Reminder: the CLI auto-loads the .env produced by uvx synth-ai setup. Use --env-file when you need to target a different secrets file (you can pass the flag multiple times to layer values).

3. Monitor and Retrieve Outputs

  • Copy the job_id printed in the CLI output.
  • Re-run the command later with --no-poll to check status without re-uploading.
  • Query job details directly:
  curl -H "Authorization: Bearer $SYNTH_API_KEY" \
    https://agent-learning.onrender.com/api/learning/jobs/<job_id>
  • When the job succeeds, note the fine_tuned_model identifier in the response.
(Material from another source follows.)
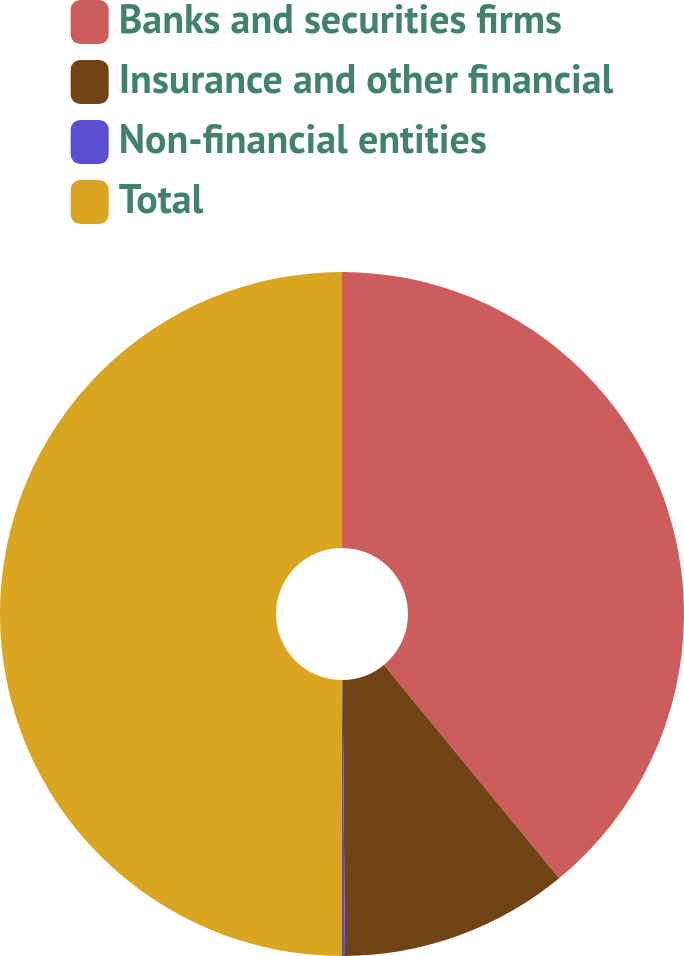Convert chart to OTSL. <chart><loc_0><loc_0><loc_500><loc_500><pie_chart><fcel>Banks and securities firms<fcel>Insurance and other financial<fcel>Non-financial entities<fcel>Total<nl><fcel>39.05%<fcel>10.81%<fcel>0.14%<fcel>50.0%<nl></chart> 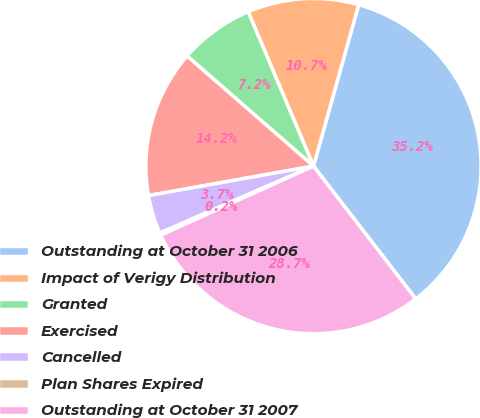Convert chart. <chart><loc_0><loc_0><loc_500><loc_500><pie_chart><fcel>Outstanding at October 31 2006<fcel>Impact of Verigy Distribution<fcel>Granted<fcel>Exercised<fcel>Cancelled<fcel>Plan Shares Expired<fcel>Outstanding at October 31 2007<nl><fcel>35.21%<fcel>10.72%<fcel>7.22%<fcel>14.22%<fcel>3.72%<fcel>0.23%<fcel>28.68%<nl></chart>

You will use this value when deploying the updated policy.

4. Automate with Agents

  1. Run uvx synth-ai eval to generate traces.
  2. Run uvx synth-ai filter to create JSONL.
  3. Run uvx synth-ai train --type sft … --no-poll.
  4. Poll /api/learning/jobs/<job_id> until status is succeeded.
  5. Fetch the new fine_tuned_model and move on to deployment.
Following this sequence allows a single agent workflow (or CI pipeline) to execute the entire SFT loop without manual intervention.

Troubleshooting Tips

  • Upload failures usually stem from path issues or zero-byte files—verify the file exists and is readable.
  • If validation keeps failing, inspect a few JSONL rows manually (or with jq) to confirm schema compliance.
  • Backend 4xx errors on job creation often indicate missing required config fields; review the payload preview printed just before the request and compare it with your config.